**Try it:** Scan the data below and copy each line where "dimlim" occurs.

**Collection entries:**
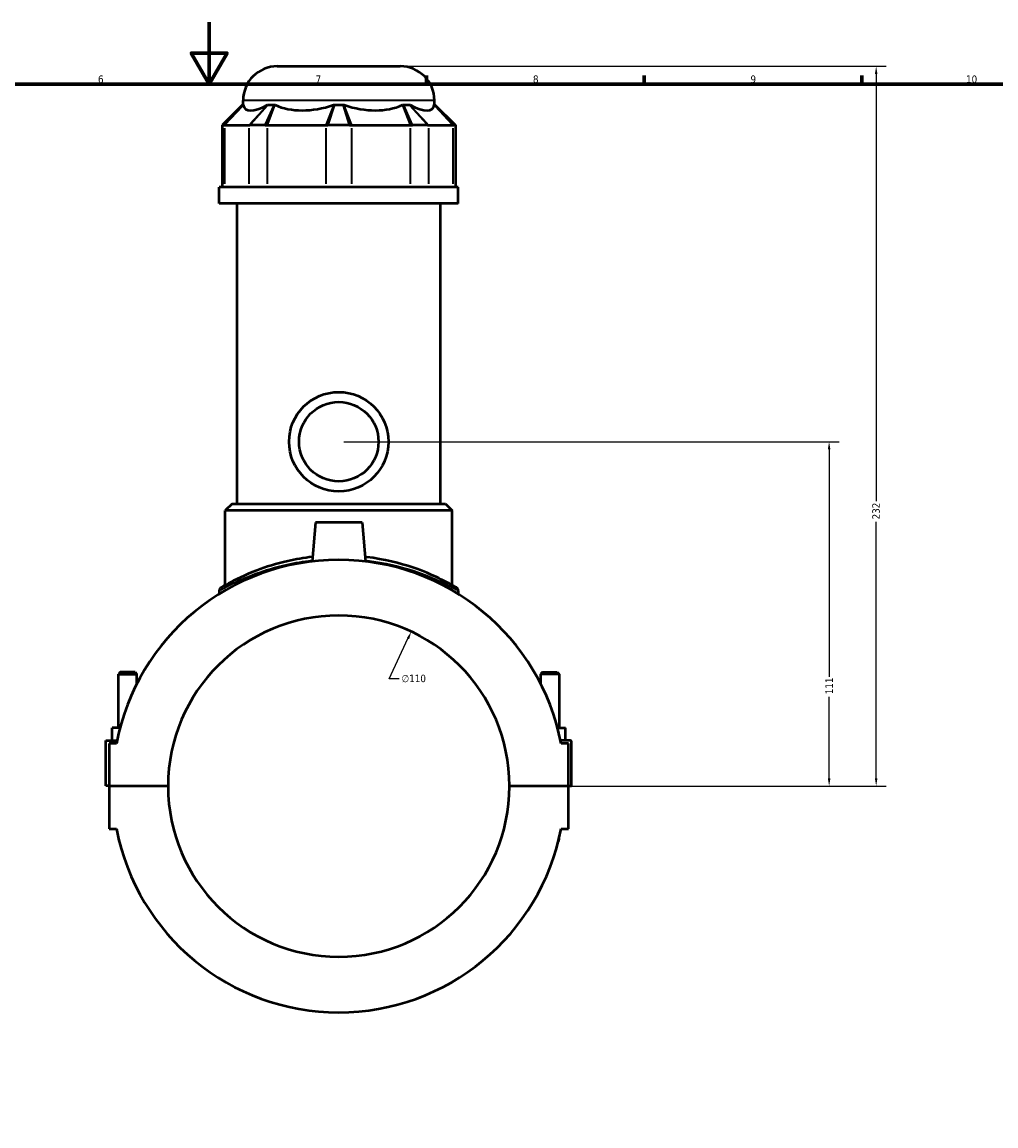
# Model space of a CAD drawing. Header units: millimetres. Extents: x -255 to 976, y -117 to 1157.
# Tile 5 of 8: x 360 to 674, y 238 to 594. Entities that reach past the tile are written whole.
import ezdxf

# ---------------------------------------------------------------- set-up
doc = ezdxf.new("R2010")
doc.units = ezdxf.units.MM
for name, color, linetype, lineweight in [('Border (ANSI)', 7, 'Continuous', 70), ('Dimension (ANSI)', 7, 'Continuous', 25), ('Visible (ANSI)', 7, 'Continuous', 50), ('Visible Narrow (ANSI)', 7, 'Continuous', 35)]:
    doc.layers.add(name, color=color, linetype=linetype, lineweight=lineweight)
doc.styles.add('Note Text (ANSI)', font='tahoma.ttf')
doc.dimstyles.new('Default - mm (ANSI)', dxfattribs={"dimtxt": 2.4, "dimasz": 2.5, "dimexe": 3.175, "dimexo": 1.6002, "dimgap": 0.8, "dimtad": 0, "dimtoh": 1, "dimdec": 0, "dimrnd": 1e-08, "dimzin": 4, "dimdsep": 46, "dimtxsty": 'Note Text (ANSI)', "dimcen": 0.09, "dimdle": 10, "dimclrd": 256, "dimclre": 256, "dimclrt": 5, "dimadec": 1, "dimazin": 1, "dimtfac": 1.27, "dimtofl": 0, "dimtmove": 0, "dimatfit": 3, "dimfxl": 1, "dimtolj": 1, "dimtzin": 4, "dimlwd": -1, "dimlwe": -1, "dimarcsym": 0})

# ---------------------------------------------------------------- blocks, each defined once
blk = doc.blocks.new('Borders Default Border')
at = {"layer": 'Border (ANSI)'}
for p, q in [((490.58, 574), (490.58, 576.8)), ((560.67, 574), (560.67, 576.8)), ((630.75, 574), (630.75, 576.8))]:
    blk.add_line(p, q, dxfattribs=at)
at = {"layer": 'Border (ANSI)', "flags": 128}
for points in [[(420.5, 594), (420.5, 574), (414.73, 584), (426.27, 584), (420.5, 574)], [(20, 20), (20, 574), (821, 574), (821, 20), (20, 20)]]:
    blk.add_lwpolyline(points, dxfattribs=at)
at = {"layer": 'Border (ANSI)', "color": 5, "true_color": 0x0000ff, "char_height": 2.4, "attachment_point": 7, "style": 'Note Text (ANSI)'}
for s, insert in [('6', (384.69, 574.35)), ('7', (454.8, 574.4)), ('8', (524.84, 574.35)), ('9', (594.92, 574.35)), ('10', (664.35, 574.35))]:
    blk.add_mtext(s, dxfattribs=dict(at, insert=insert))
blk = doc.blocks.new('*D6')
at = {"layer": 'Defpoints', "color": 0, "transparency": 16777216}
for p in [(485.63, 397.56), (438.91, 297.97)]:
    blk.add_point(p, dxfattribs=at)
at = {"layer": 'Dimension (ANSI)', "transparency": 16777216}
for p, q in [((478.52, 382.39), (484.57, 395.3)), ((481.69, 382.39), (478.52, 382.39))]:
    blk.add_line(p, q, dxfattribs=at)
blk.add_solid([(484.19, 395.47), (484.95, 395.12), (485.63, 397.56)], dxfattribs=at)
at = {"layer": 'Dimension (ANSI)', "color": 5, "transparency": 16777216, "insert": (482.49, 383.68), "char_height": 2.4, "attachment_point": 1, "style": 'Note Text (ANSI)'}
blk.add_mtext('\\A1;∅110', dxfattribs=at)
blk = doc.blocks.new('*D10')
at = {"layer": 'Defpoints', "color": 0, "transparency": 16777216}
for p in [(462.27, 458.77), (620.25, 458.77), (517.27, 347.77)]:
    blk.add_point(p, dxfattribs=at)
at = {"layer": 'Dimension (ANSI)', "transparency": 16777216}
for p, q in [((463.87, 458.77), (623.43, 458.77)), ((620.25, 456.27), (620.25, 382.95)), ((620.25, 350.27), (620.25, 376.58)), ((518.87, 347.77), (623.43, 347.77))]:
    blk.add_line(p, q, dxfattribs=at)
for points in [[(619.83, 456.27), (620.67, 456.27), (620.25, 458.77)], [(619.83, 350.27), (620.67, 350.27), (620.25, 347.77)]]:
    blk.add_solid(points, dxfattribs=at)
at = {"layer": 'Dimension (ANSI)', "color": 5, "transparency": 16777216, "insert": (619.05, 377.38), "char_height": 2.4, "attachment_point": 1, "rotation": 90, "style": 'Note Text (ANSI)'}
blk.add_mtext('\\A1;111', dxfattribs=at)
blk = doc.blocks.new('*D11')
at = {"layer": 'Defpoints', "color": 0, "transparency": 16777216}
for p in [(482.07, 579.77), (635.4, 579.77), (517.27, 347.77)]:
    blk.add_point(p, dxfattribs=at)
at = {"layer": 'Dimension (ANSI)', "transparency": 16777216}
for p, q in [((483.67, 579.77), (638.58, 579.77)), ((635.4, 577.27), (635.4, 439.61)), ((635.4, 350.27), (635.4, 432.92)), ((518.87, 347.77), (638.58, 347.77))]:
    blk.add_line(p, q, dxfattribs=at)
for points in [[(634.99, 577.27), (635.82, 577.27), (635.4, 579.77)], [(634.99, 350.27), (635.82, 350.27), (635.4, 347.77)]]:
    blk.add_solid(points, dxfattribs=at)
at = {"layer": 'Dimension (ANSI)', "color": 5, "transparency": 16777216, "insert": (634.15, 433.72), "char_height": 2.4, "attachment_point": 1, "rotation": 90, "style": 'Note Text (ANSI)'}
blk.add_mtext('\\A1;232', dxfattribs=at)

msp = doc.modelspace()

# ---------------------------------------------------------------- linework, layer by layer
at = {"layer": 'Visible (ANSI)'}
for p, q in [((442.47, 579.77), (482.07, 579.77)), ((431.28, 567.38), (424.68, 560.78)), ((431.28, 567.38), (431.5, 567.38)), ((431.47, 567.38), (431.47, 568.77)), ((439.53, 567.38), (441.5, 567.38)), ((460.88, 567.38), (463.66, 567.38)), ((483.05, 567.38), (485.01, 567.38)), ((493.04, 567.38), (493.27, 567.38)), ((493.07, 567.38), (493.07, 568.77)), ((493.27, 567.38), (499.87, 560.78)), ((425.24, 560.78), (424.68, 560.78)), ((424.68, 560.78), (424.68, 540.83)), ((425.24, 560.78), (425.52, 560.78)), ((425.52, 560.78), (433.31, 560.78)), ((433.31, 560.78), (433.63, 560.78)), ((438.54, 560.78), (433.63, 560.78)), ((438.54, 560.78), (439.26, 560.78)), ((439.26, 560.78), (458.06, 560.78)), ((458.06, 560.78), (458.8, 560.78)), ((465.75, 560.78), (458.8, 560.78)), ((465.75, 560.78), (466.48, 560.78)), ((466.48, 560.78), (485.29, 560.78)), ((485.29, 560.78), (486, 560.78)), ((490.91, 560.78), (486, 560.78)), ((490.91, 560.78), (491.24, 560.78)), ((491.24, 560.78), (499.03, 560.78)), ((499.03, 560.78), (499.3, 560.78)), ((499.87, 560.78), (499.3, 560.78)), ((499.87, 560.78), (499.87, 540.83)), ((500.77, 540.83), (423.77, 540.83)), ((423.77, 535.52), (423.77, 540.83)), ((500.77, 535.52), (500.77, 540.83)), ((500.77, 535.52), (423.77, 535.52)), ((429.55, 438.77), (429.55, 535.52)), ((495, 438.77), (495, 535.52)), ((427.9, 438.77), (425.7, 436.57)), ((427.9, 438.77), (496.65, 438.77)), ((496.65, 438.77), (498.85, 436.57)), ((498.85, 436.57), (425.7, 436.57)), ((425.7, 412.51), (425.7, 436.57)), ((498.85, 412.51), (498.85, 436.57)), ((454.77, 432.77), (453.67, 420.19)), ((469.77, 432.77), (454.77, 432.77)), ((469.77, 432.77), (470.87, 420.19)), ((423.77, 410.76), (423.77, 409.71)), ((500.77, 410.76), (500.77, 409.71)), ((391.87, 384.48), (391.27, 383.88)), ((396.67, 384.48), (391.87, 384.48)), ((396.67, 384.48), (397.27, 383.88)), ((527.87, 384.48), (527.27, 383.88)), ((527.87, 384.48), (532.67, 384.48)), ((532.67, 384.48), (533.27, 383.88)), ((391.27, 383.88), (397.27, 383.88)), ((391.27, 366.52), (391.27, 383.88)), ((397.27, 380.84), (397.27, 383.88)), ((533.27, 383.88), (527.27, 383.88)), ((527.27, 383.88), (527.27, 380.84)), ((533.27, 383.88), (533.27, 366.52)), ((389.27, 362.52), (389.27, 366.52)), ((391.79, 366.52), (389.27, 366.52)), ((532.75, 366.52), (535.27, 366.52)), ((535.27, 362.52), (535.27, 366.52)), ((387.27, 362.52), (390.85, 362.52)), ((387.27, 347.82), (387.27, 362.52)), ((390.65, 361.52), (388.27, 361.52)), ((388.27, 361.52), (388.27, 347.82)), ((536.77, 362.52), (533.7, 362.52)), ((536.27, 361.52), (533.9, 361.52)), ((536.27, 347.82), (536.27, 361.52)), ((537.27, 347.82), (537.27, 362.02)), ((388.27, 347.82), (387.27, 347.82)), ((388.27, 347.82), (407.27, 347.82)), ((388.27, 347.72), (388.27, 334.02)), ((407.27, 347.72), (388.27, 347.72)), ((391.27, 347.72), (391.27, 347.82)), ((397.27, 347.72), (397.27, 347.82)), ((517.27, 347.82), (536.27, 347.82)), ((536.27, 347.72), (517.27, 347.72)), ((527.27, 347.82), (527.27, 347.72)), ((533.27, 347.82), (533.27, 347.72)), ((536.27, 347.82), (537.27, 347.82)), ((536.27, 334.02), (536.27, 347.72)), ((388.27, 334.02), (390.65, 334.02)), ((391.27, 331.1), (391.27, 331.02)), ((533.27, 331.02), (533.27, 331.1)), ((533.9, 334.02), (536.27, 334.02))]:
    msp.add_line(p, q, dxfattribs=at)
for radius in [16, 12.8]:
    msp.add_circle((462.27, 458.77), radius, dxfattribs=at)
for centre, radius, start, end in [((442.47, 568.77), 11, 90, 180), ((482.07, 568.77), 11, 0, 90), ((462.27, 347.77), 72.93, 10.8674, 169.1326), ((424.87, 410.76), 1.1, 120.6978, 180), ((499.67, 410.76), 1.1, 0, 59.3022), ((462.27, 347.77), 55, 0.0521, 179.9479), ((536.77, 362.02), 0.5, 0, 90), ((462.27, 347.77), 55, 180.0521, 359.9479), ((462.27, 347.77), 72.93, 190.8674, 349.1326), ((394.27, 331.02), 3, 180, 209.1792), ((530.27, 331.02), 3, 330.8208, 0)]:
    msp.add_arc(centre, radius, start, end, dxfattribs=at)
for major_axis, ratio, start_param, end_param in [((-30.21, -30.21), 0.198912, 6.142785, 6.816284), ((25.61, 25.61), 0.668179, 3.393892, 4.067391), ((25.61, -25.61), 0.668179, 5.357387, 6.030886), ((30.21, -30.21), 0.198912, 5.750086, 6.423585)]:
    msp.add_ellipse((462.27, 596.35), major_axis=major_axis, ratio=ratio, start_param=start_param, end_param=end_param, dxfattribs=at)
for points in [[(431.5, 567.38), (431.51, 567.35), (431.52, 567.31), (431.52, 567.28)], [(439.31, 567.28), (439.38, 567.31), (439.46, 567.35), (439.53, 567.38)], [(441.5, 567.38), (441.58, 567.35), (441.66, 567.31), (441.75, 567.28)], [(460.55, 567.28), (460.66, 567.31), (460.77, 567.35), (460.88, 567.38)], [(463.66, 567.38), (463.77, 567.35), (463.89, 567.31), (464, 567.28)], [(482.8, 567.28), (482.88, 567.31), (482.97, 567.35), (483.05, 567.38)], [(485.01, 567.38), (485.09, 567.35), (485.16, 567.31), (485.24, 567.28)], [(493.03, 567.28), (493.03, 567.31), (493.04, 567.35), (493.04, 567.38)]]:
    msp.add_open_spline(points, degree=3, dxfattribs=at)
for points, knots in [([(453.8, 421.64), (451.05, 421.32), (448.38, 420.86), (442.16, 419.46), (438.79, 418.39), (431.9, 415.77), (428.77, 414.19), (425.58, 412.46), (424.8, 412), (424.37, 411.74), (424.31, 411.71), (424.31, 411.71)], [18.624869, 18.624869, 18.624869, 18.624869, 19.457534, 19.457534, 20.687136, 20.687136, 22.367591, 22.367591, 23.36813, 23.36813, 23.718456, 23.718456, 23.718456, 23.718456]), ([(500.23, 411.71), (500.23, 411.71), (499.82, 411.96), (498.06, 412.96), (496.54, 413.8), (492.31, 415.84), (489.48, 417.06), (481.91, 419.63), (476.83, 420.9), (471.15, 421.6), (470.95, 421.62), (470.75, 421.64)], [11.859239, 11.859239, 11.859239, 11.859239, 12.801126, 12.801126, 13.940718, 13.940718, 15.227435, 15.227435, 16.892253, 16.892253, 16.952824, 16.952824, 16.952824, 16.952824])]:
    msp.add_open_spline(points, degree=3, knots=knots, dxfattribs=at)
at = {"layer": 'Visible Narrow (ANSI)'}
for p, q in [((425.56, 561.11), (431.19, 567.05)), ((425.82, 561.1), (431.22, 566.95)), ((492.69, 568.77), (431.85, 568.77)), ((439.01, 566.95), (433.61, 561.1)), ((439.24, 567.05), (433.93, 561.11)), ((438.69, 561.11), (441.35, 567.05)), ((439.38, 561.1), (441.62, 566.95)), ((460.43, 566.95), (458.19, 561.1)), ((460.78, 567.05), (458.9, 561.11)), ((465.64, 561.11), (463.77, 567.05)), ((466.36, 561.1), (464.12, 566.95)), ((482.92, 566.95), (485.16, 561.1)), ((483.2, 567.05), (485.85, 561.11)), ((490.62, 561.11), (485.31, 567.05)), ((490.94, 561.1), (485.54, 566.95)), ((493.33, 566.95), (498.73, 561.1)), ((493.36, 567.05), (498.99, 561.11)), ((425.52, 541.82), (425.52, 559.78)), ((433.31, 559.78), (433.31, 541.82)), ((439.26, 541.82), (439.26, 559.78)), ((458.06, 559.78), (458.06, 541.82)), ((466.48, 541.82), (466.48, 559.78)), ((485.29, 559.78), (485.29, 541.82)), ((491.24, 541.82), (491.24, 559.78)), ((499.03, 559.78), (499.03, 541.82))]:
    msp.add_line(p, q, dxfattribs=at)
msp.add_arc((499.67, 410.76), 1.1, 2.9651, 56.3371, dxfattribs=at)
for points, knots in [([(423.77, 410.76), (423.77, 410.76), (423.83, 410.79), (424.27, 411.05), (425.06, 411.5), (428.29, 413.21), (431.47, 414.77), (438.45, 417.34), (441.87, 418.4), (448.19, 419.78), (450.91, 420.24), (453.71, 420.55)], [-23.718456, -23.718456, -23.718456, -23.718456, -23.36813, -23.36813, -22.367591, -22.367591, -20.687136, -20.687136, -19.457534, -19.457534, -18.622404, -18.622404, -18.622404, -18.622404]), ([(470.84, 420.55), (471.05, 420.53), (471.26, 420.51), (477.03, 419.82), (482.19, 418.57), (489.86, 416.03), (492.73, 414.83), (497.02, 412.82), (498.57, 412), (500.35, 411.01), (500.77, 410.76), (500.77, 410.76)], [-16.955289, -16.955289, -16.955289, -16.955289, -16.892253, -16.892253, -15.227435, -15.227435, -13.940718, -13.940718, -12.801126, -12.801126, -11.859239, -11.859239, -11.859239, -11.859239])]:
    msp.add_open_spline(points, degree=3, knots=knots, dxfattribs=at)

# ---------------------------------------------------------------- block references
msp.add_blockref('Borders Default Border', (0, 0))

# ---------------------------------------------------------------- dimensions: what is measured, and where the dimension line sits
at = {"layer": 'Dimension (ANSI)'}
for base, p2, picture, middle in [((635.4, 579.77), (482.07, 579.77), '*D11', (635.4, 436.27)), ((620.25, 458.77), (462.27, 458.77), '*D10', (620.25, 379.77))]:
    dim = msp.add_linear_dim(base=base, p1=(517.27, 347.77), p2=p2, angle=90, dimstyle='Default - mm (ANSI)', override={"dimgap": 0.8, "dimtoh": 0, "dimdec": 0, "dimtol": 0, "dimlim": 0, "dimtp": 0, "dimtm": 0, "dimtdec": 2, "dimatfit": 1}, dxfattribs=at)
    dim.commit()
    dim.dimension.update_dxf_attribs({"geometry": picture, "text_midpoint": middle, "dimtype": 160})
dim = msp.add_diameter_dim_2p(p1=(438.91, 297.97), p2=(485.63, 397.56), dimstyle='Default - mm (ANSI)', override={"dimgap": 0.8, "dimtih": 1, "dimdec": 0, "dimlfac": 1, "dimtol": 0, "dimlim": 0, "dimtp": 0, "dimtm": 0, "dimtdec": 2}, dxfattribs=at)
dim.commit()
dim.dimension.update_dxf_attribs({"geometry": '*D6', "text_midpoint": (486.36, 382.39), "dimtype": 163})

doc.saveas('drawing.dxf')

**Completed exercise:**
    dim = msp.add_linear_dim(base=base, p1=(517.27, 347.77), p2=p2, angle=90, dimstyle='Default - mm (ANSI)', override={"dimgap": 0.8, "dimtoh": 0, "dimdec": 0, "dimtol": 0, "dimlim": 0, "dimtp": 0, "dimtm": 0, "dimtdec": 2, "dimatfit": 1}, dxfattribs=at)
dim = msp.add_diameter_dim_2p(p1=(438.91, 297.97), p2=(485.63, 397.56), dimstyle='Default - mm (ANSI)', override={"dimgap": 0.8, "dimtih": 1, "dimdec": 0, "dimlfac": 1, "dimtol": 0, "dimlim": 0, "dimtp": 0, "dimtm": 0, "dimtdec": 2}, dxfattribs=at)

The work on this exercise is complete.